Associating literature profiles with gene-expression data could be used for orienting gene discovery. It is believed that co-regulated genes share similar promoters and/or are involved in similar biological processes [1]. Using this principle of 'guilt by association', functions attributed to known genes can be inferred for unknown genes sharing similar expression profiles. In the first example used in this report (see Additional data files), many of the genes were identified using literature profiles as being related to 'interferon', 'virus' and 'infection', and thus it can be assumed that some of the genes and ESTs that were not included in the analysis from lack of literature (see Additional data files) are also associated with these terms.

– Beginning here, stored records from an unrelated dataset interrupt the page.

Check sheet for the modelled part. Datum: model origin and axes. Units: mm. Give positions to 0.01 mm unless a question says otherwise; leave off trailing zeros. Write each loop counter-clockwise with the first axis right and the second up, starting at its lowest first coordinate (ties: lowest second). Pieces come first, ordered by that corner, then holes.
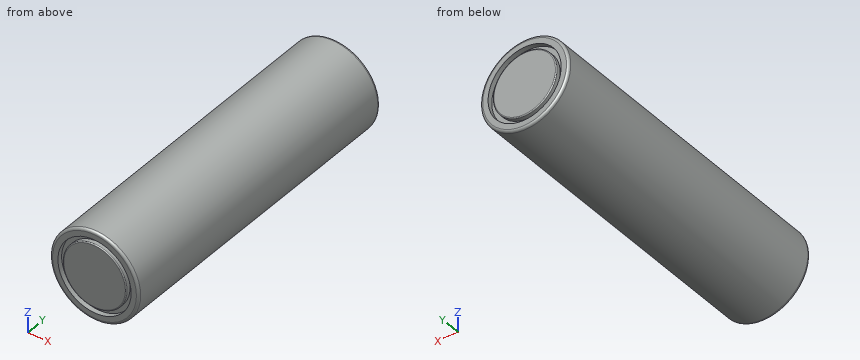
from build123d import *

# Parameters (mm, degrees)
SKETCH1_R           = 9.1
BOSS_EXTRUDE1_DEPTH = 65
SKETCH2_R           = 7.515816548
SKETCH2_R_2         = 6.528062022
CUT_EXTRUDE1_DEPTH  = 1
FILLET1_R           = 0.5
SKETCH3_R           = 7.515816548
SKETCH3_R_2         = 6.528062022
CUT_EXTRUDE2_DEPTH  = 1
FILLET2_R           = 0.2


with BuildPart() as part:
    # Sketch1 → Boss-Extrude1 (new body)
    with BuildSketch(Plane(origin=(0, 0, 0), x_dir=(1, 0, 0), z_dir=(0, 1, 0))):
        Circle(SKETCH1_R)
    extrude(amount=BOSS_EXTRUDE1_DEPTH)

    # Sketch2 → Cut-Extrude1 (cut)
    with BuildSketch(Plane(origin=(0, 65, 0), x_dir=(1, 0, 0), z_dir=(0, 1, 0))):
        Circle(SKETCH2_R)
        Circle(SKETCH2_R_2, mode=Mode.SUBTRACT)
    extrude(amount=-CUT_EXTRUDE1_DEPTH, mode=Mode.SUBTRACT)

    # Fillet1
    fillet1_edges = [part.edges().sort_by_distance(p)[0] for p in [
        (-9.1, 0, 0),
        (-9.1, 65, 0),
    ]]
    fillet(fillet1_edges, radius=FILLET1_R)

    # Sketch3 → Cut-Extrude2 (cut)
    with BuildSketch(Plane.XZ):
        Circle(SKETCH3_R)
        Circle(SKETCH3_R_2, mode=Mode.SUBTRACT)
    extrude(amount=-CUT_EXTRUDE2_DEPTH, mode=Mode.SUBTRACT)

    # Fillet2
    fillet2_edges = [part.edges().sort_by_distance(p)[0] for p in [
        (-6.528062022, 0, 0),
        (-6.528062022, 65, 0),
    ]]
    fillet(fillet2_edges, radius=FILLET2_R)


solid = part.part
1) Gauge pin test, flat ends, axial feed: pin 1 (3 mm diameter, centred on x = 4.5, y = 20, fed in from -Z); pin 2 (10 mm diameter, centred on y = 32, z = 7, fed in from +X); pin 3 (2 mm diameter, centred on x = 2.5, y = 48.5, fed in from +Z). Record the tip position at first contact, or that the pin passes through.
2) Scan lines: L1, parallel to Z at x = 0, y = 64.6; L2, parallel to X at y = 64.3, z = 0; L3, parallel to Z at x = 0, y = 0.25. Record each from-to range of solid material in increasing order.
3) Sectioned sample at A-A on y = 48. Record the boundary of the cut face in (x, z).
Answers below:
1. pin 1: stops at z = -8.59
1. pin 2: stops at x = 8.88
1. pin 3: stops at z = 8.98
2. L1: z = -9.09 to -7.52, -6.53 to 6.53, 7.52 to 9.09
2. L2: x = -9.1 to -7.52, -6.53 to 6.53, 7.52 to 9.1
2. L3: z = -9.03 to -7.52, -6.53 to 6.53, 7.52 to 9.03
3. outline: circle Ø18.2 at (0, 0)
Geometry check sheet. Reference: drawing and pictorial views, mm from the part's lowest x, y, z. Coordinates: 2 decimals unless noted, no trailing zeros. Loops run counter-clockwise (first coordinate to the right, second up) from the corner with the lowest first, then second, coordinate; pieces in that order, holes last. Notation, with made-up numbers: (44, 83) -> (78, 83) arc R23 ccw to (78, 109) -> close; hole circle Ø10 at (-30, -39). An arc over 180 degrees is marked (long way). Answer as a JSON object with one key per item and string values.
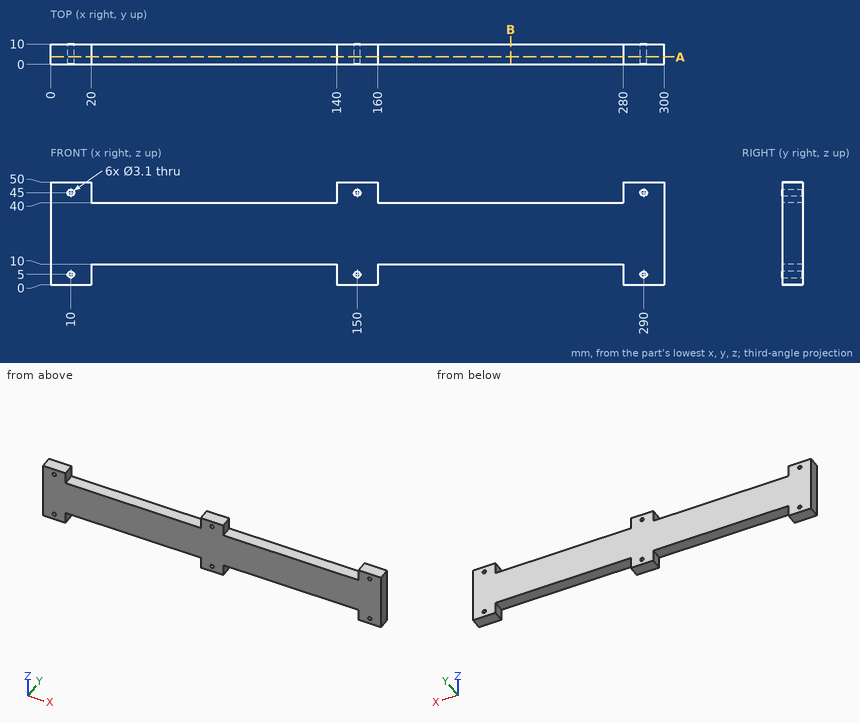
1. Thickness scan on probe 1 along X at (y, z) = (9.25, 43); probe 2 along X at (y, z) = (6, 45); probe 3 along Z at (x, y) = (150, 4). Record the ranges inside material, lowest first. Write a range as from..to.
Evaluation:
{"probe 1": "x = 0..20, 140..160, 280..300", "probe 2": "x = 0..8.45, 11.55..20, 140..148.45, 151.55..160, 280..288.45, 291.55..300", "probe 3": "z = 0..3.45, 6.55..43.45, 46.55..50"}
2. Section check B-B, the plane x = 225. Record the boundary of the cut face in (y, z).
Evaluation:
{"outline": "(0, 10) -> (10, 10) -> (10, 40) -> (0, 40) -> close"}
3. Section check A-A, the plane y = 3.75. Record the boundary of the cut face in (x, z).
Evaluation:
{"outline": "(0, 0) -> (20, 0) -> (20, 10) -> (140, 10) -> (140, 0) -> (160, 0) -> (160, 10) -> (280, 10) -> (280, 0) -> (300, 0) -> (300, 50) -> (280, 50) -> (280, 40) -> (160, 40) -> (160, 50) -> (140, 50) -> (140, 40) -> (20, 40) -> (20, 50) -> (0, 50) -> close; hole circle Ø3.1 at (10, 5); hole circle Ø3.1 at (10, 45); hole circle Ø3.1 at (150, 5); hole circle Ø3.1 at (150, 45); hole circle Ø3.1 at (290, 5); hole circle Ø3.1 at (290, 45)"}
4. Depth check by flat-ended pin: P1, Ø6, axis at y = 3, z = 35, coming from the -X side; P2, Ø3, axis at x = 107, y = 6, coming from the +Z side; P3, Ø5, axis at x = 70.5, y = 5, coming from the -Z side. Enter the tip coordinate at first touch or a pass-through.
Evaluation:
{"P1": "stops at x = 0", "P2": "stops at z = 40", "P3": "stops at z = 10"}
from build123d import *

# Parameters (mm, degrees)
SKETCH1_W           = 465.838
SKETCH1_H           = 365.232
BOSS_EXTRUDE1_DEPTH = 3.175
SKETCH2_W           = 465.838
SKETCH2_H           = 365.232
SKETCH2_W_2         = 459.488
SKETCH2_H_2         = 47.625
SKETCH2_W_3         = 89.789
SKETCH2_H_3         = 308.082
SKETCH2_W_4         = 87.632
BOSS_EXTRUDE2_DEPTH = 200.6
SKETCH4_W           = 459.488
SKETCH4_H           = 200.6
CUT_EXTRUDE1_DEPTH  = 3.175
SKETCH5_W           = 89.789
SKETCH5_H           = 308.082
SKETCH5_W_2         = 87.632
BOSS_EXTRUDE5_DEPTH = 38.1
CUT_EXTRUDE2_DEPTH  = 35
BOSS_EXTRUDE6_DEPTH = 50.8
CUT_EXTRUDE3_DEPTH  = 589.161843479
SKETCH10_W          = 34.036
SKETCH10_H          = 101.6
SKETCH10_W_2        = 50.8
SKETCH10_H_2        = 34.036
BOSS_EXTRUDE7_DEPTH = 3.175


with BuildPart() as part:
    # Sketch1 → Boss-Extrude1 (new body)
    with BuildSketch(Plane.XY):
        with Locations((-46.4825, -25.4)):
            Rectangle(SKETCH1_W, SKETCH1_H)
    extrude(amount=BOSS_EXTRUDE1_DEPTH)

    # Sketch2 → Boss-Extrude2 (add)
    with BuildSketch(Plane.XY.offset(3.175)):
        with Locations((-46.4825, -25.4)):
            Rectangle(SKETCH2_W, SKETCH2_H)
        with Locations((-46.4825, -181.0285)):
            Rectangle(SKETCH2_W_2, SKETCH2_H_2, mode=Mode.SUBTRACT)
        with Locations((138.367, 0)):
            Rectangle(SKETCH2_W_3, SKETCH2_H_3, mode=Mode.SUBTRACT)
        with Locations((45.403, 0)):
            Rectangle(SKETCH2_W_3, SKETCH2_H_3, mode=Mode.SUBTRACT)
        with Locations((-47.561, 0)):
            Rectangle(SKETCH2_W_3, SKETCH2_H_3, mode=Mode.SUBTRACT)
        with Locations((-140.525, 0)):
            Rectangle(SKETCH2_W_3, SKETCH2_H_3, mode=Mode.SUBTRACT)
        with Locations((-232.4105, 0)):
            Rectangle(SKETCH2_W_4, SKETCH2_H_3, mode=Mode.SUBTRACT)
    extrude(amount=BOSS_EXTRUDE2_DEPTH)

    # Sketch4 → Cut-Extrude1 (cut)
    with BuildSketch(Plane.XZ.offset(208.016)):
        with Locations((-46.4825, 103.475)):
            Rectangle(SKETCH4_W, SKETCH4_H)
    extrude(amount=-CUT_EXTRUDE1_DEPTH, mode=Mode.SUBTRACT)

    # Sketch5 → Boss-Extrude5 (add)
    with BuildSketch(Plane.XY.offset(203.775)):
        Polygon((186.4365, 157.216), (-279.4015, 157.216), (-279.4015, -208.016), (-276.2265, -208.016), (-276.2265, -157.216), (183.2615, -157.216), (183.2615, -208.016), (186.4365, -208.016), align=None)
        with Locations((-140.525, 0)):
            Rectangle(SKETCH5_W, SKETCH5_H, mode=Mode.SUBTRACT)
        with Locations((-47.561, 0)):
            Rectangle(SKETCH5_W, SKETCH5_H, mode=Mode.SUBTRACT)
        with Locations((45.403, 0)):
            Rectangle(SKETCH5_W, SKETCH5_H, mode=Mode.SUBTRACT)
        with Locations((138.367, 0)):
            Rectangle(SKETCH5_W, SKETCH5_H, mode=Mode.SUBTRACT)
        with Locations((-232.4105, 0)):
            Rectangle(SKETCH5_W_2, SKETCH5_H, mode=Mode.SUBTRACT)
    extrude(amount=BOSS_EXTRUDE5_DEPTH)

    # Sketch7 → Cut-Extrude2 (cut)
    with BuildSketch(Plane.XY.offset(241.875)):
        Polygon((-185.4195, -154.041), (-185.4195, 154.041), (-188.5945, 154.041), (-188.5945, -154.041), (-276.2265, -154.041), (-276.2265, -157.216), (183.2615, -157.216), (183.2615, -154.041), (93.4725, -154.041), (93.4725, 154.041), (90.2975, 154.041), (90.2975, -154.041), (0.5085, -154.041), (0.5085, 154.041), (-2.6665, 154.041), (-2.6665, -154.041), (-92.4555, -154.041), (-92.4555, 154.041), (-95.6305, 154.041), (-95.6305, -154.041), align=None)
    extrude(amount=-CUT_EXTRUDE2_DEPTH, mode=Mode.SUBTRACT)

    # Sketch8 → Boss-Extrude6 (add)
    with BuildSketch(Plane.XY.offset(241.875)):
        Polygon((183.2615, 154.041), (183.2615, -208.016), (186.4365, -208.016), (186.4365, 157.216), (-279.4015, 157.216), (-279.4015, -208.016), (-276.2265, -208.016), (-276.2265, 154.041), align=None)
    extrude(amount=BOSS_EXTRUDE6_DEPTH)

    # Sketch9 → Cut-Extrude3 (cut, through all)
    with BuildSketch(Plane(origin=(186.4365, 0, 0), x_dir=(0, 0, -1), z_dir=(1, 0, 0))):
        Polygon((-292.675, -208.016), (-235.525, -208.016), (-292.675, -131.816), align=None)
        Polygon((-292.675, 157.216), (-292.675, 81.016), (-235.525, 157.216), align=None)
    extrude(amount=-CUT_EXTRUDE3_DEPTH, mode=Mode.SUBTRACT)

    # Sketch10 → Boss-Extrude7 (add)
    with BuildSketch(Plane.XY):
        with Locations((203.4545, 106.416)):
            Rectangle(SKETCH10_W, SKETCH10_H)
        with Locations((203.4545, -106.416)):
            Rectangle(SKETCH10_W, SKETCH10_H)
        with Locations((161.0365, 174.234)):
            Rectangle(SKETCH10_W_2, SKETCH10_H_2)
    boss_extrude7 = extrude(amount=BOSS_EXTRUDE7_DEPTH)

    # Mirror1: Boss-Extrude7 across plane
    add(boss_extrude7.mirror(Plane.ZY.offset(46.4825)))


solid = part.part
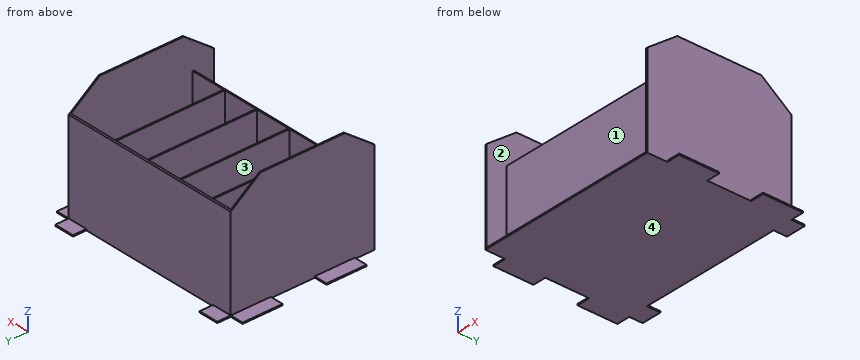
Geometry: final body of the model. Coordinates: model frame, mm. Face numbers are marked on the shaded views. A direction names the side the tool comes from. Give positions to 0.01 mm unless a question says otherwise; leave off trailing zeros. Loops run counter-clockwise (first coordinate to the right, second up) from the corner with the lowest first, then second, coordinate; pieces in that order, holes last. Notation, with made-up numbers: (2, 46.25) - (18, 46.25) arc R26 ccw to (18, 75.25) - close; hole circle Ø1 at (26, 11). An arc over 180 degrees is marked (long way). One line per question, with ' | ' between items. Start each with the question number.
(1) Section query A-A on z = 259. Return loops of the section in (x, y), then the cut area to 3 significant figures.
(2) Contact query for flat-ended pins moving along their axis: pin 1 (5 mm diameter, centred on x = -205, z = 110, fed in from +Y); pin 2 (4 mm diameter, centred on y = 56, z = 255, fed in from -X); pin 3 (10 mm diameter, centred on x = -97.5, y = -90, fed in from +Z) (3 decimals). Output: stop coordinate, or through.
(3) Ray query, line 1 (X direction, y = 75.5, z = 74); line 2 (Y direction, x = -228, z = 92); line 3 (X direction, y = -102, z = 233). Return the intervals inside material, ascending. Write a range as from..to.
(4) Section query C-C on z = 82. Return loops of the section in (x, y).
(5) Reachability of the marked faces 1 and 2 from +Z, -Z, +X, -X, +Y, -Y: full face, straight path, thin tool, end or side. Return the list, or none.
(6) Section query D-D on x = -205.5. Return loops of the section in (y, z) (3 decimals), then the cut area to 3 significant figures.
(7) Section query B-B on y = 37.5. Return loops of the section in (x, z) (1 decimal).
(8) Pull-direction query (X, two-part tool) for the marked faces 3 and 4; classes: released by +X, released by -X, zero draft, split by the parting line, or undercut.
The answers:
1) outline: (-279.4, -176.72) - (-276.23, -176.72) - (-276.23, 125.92) - (-279.4, 125.92) - close; (183.26, -176.72) - (186.44, -176.72) - (186.44, 125.92) - (183.26, 125.92) - close | area: 1,920 mm2
2) pin 1: y = 157.22 | pin 2: x = -279.4 | pin 3: z = 206.875
3) line 1: -279.4..-276.23, -188.59..-185.42, -95.63..-92.46, -2.67..0.51, 90.3..93.47, 183.26..186.44 | line 2: -157.22..-154.04, 154.04..157.22 | line 3: -279.4..-276.23, 183.26..186.44
4) outline: (-279.4, -208.02) - (-276.23, -208.02) - (-276.23, -157.22) - (183.26, -157.22) - (183.26, -208.02) - (186.44, -208.02) - (186.44, 157.22) - (-279.4, 157.22) - close; hole (-276.23, -154.04) - (-188.59, -154.04) - (-188.59, 154.04) - (-276.23, 154.04) - close; hole (-185.42, -154.04) - (-95.63, -154.04) - (-95.63, 154.04) - (-185.42, 154.04) - close; hole (-92.46, -154.04) - (-2.67, -154.04) - (-2.67, 154.04) - (-92.46, 154.04) - close; hole (0.51, -154.04) - (90.3, -154.04) - (90.3, 154.04) - (0.51, 154.04) - close; hole (93.47, -154.04) - (183.26, -154.04) - (183.26, 154.04) - (93.47, 154.04) - close
5) face 1: +Z, -Y | face 2: +Z
6) outline: (-208.016, 0) - (157.216, 0) - (157.216, 235.525) - (154.041, 237.906) - (154.041, 3.175) - (-154.041, 3.175) - (-154.041, 206.875) - (-157.216, 206.875) - (-157.216, 3.175) - (-208.016, 3.175) - close | area: 2,550 mm2
7) outline: (-279.4, 0) - (186.4, 0) - (186.4, 292.7) - (183.3, 292.7) - (183.3, 3.2) - (93.5, 3.2) - (93.5, 206.9) - (90.3, 206.9) - (90.3, 3.2) - (0.5, 3.2) - (0.5, 206.9) - (-2.7, 206.9) - (-2.7, 3.2) - (-92.5, 3.2) - (-92.5, 206.9) - (-95.6, 206.9) - (-95.6, 3.2) - (-185.4, 3.2) - (-185.4, 206.9) - (-188.6, 206.9) - (-188.6, 3.2) - (-276.2, 3.2) - (-276.2, 292.7) - (-279.4, 292.7) - close
8) face 3: undercut | face 4: zero draft
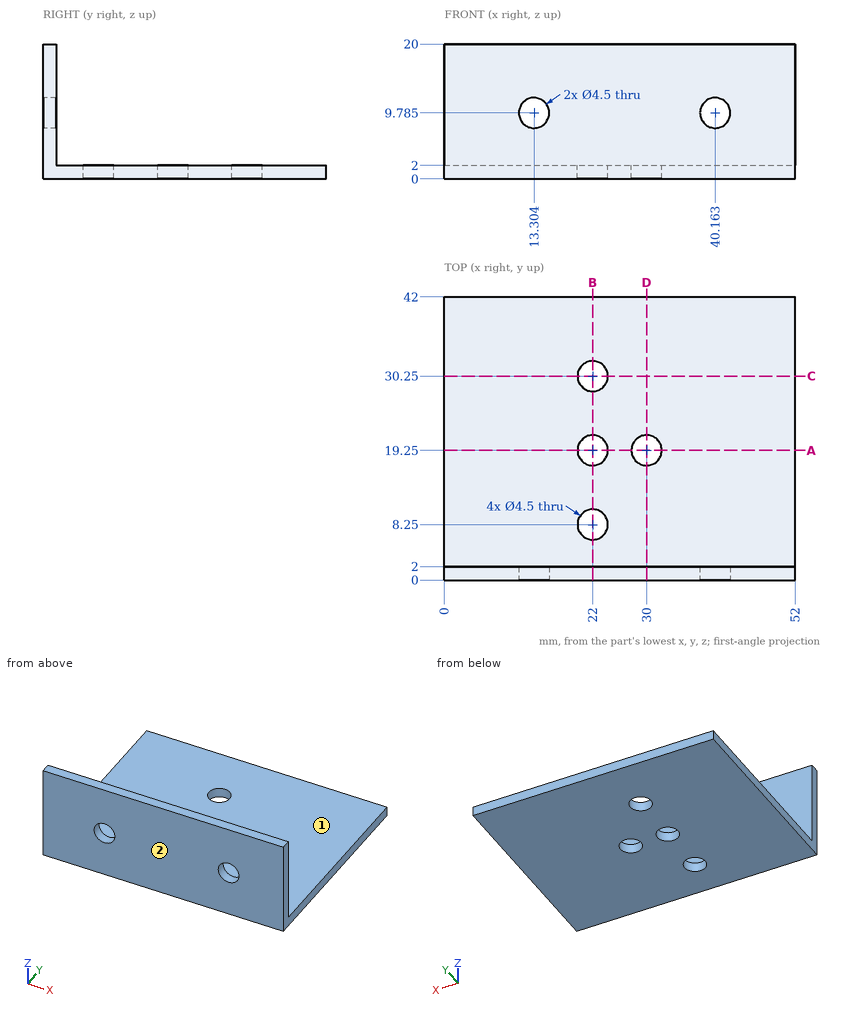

For instance, among the co-regulated ESTs is the 'Homo sapiens cig5 mRNA, partial sequence' (AF026941), which was obtained using differential display analysis to identify sequences for which transcription is induced following cytomegalovirus infection [39]. Another co-regulated but poorly studied gene is 'secreted and transmembrane 1' (U77643), which resembles a cytokine or growth factor in its broad structural characteristics [40]. This gene was later reported to be the ligand for the surface antigen CD7 and found to be capable of activating NK cells [41], which constitute the primary source of IFN-gamma during early responses to infection [42]. In both examples the link to 'interferon', 'virus' or 'infection' can only be suspected, but certainly deserves attention because these sequences are regulated together with genes known to be involved in the biology of interferons.

Conclusions

The sequencing of whole genomes and the introduction of technologies capable of measuring simultaneously the expression of thousands of genes provides biological research with a global perspective that opposes the trend over the past few decades of the narrowing into highly specialized research fields. But the optimal exploitation of these invaluable resources by researchers necessitates the development of mining tools to explore and interpret data in a time frame compatible with the impressive rate at which they are generated. Individual knowledge is built on associations made between the information we acquire from the literature. The method we describe here mimics this learning process by associating meaningful terms found in scientific publications to create a coherent picture of the relationships that exist within complex groups of genes. Because this analysis is performed independently of knowledge of gene function it provides a means of rapidly probing the biological significance of complex expression data in an unbiased fashion.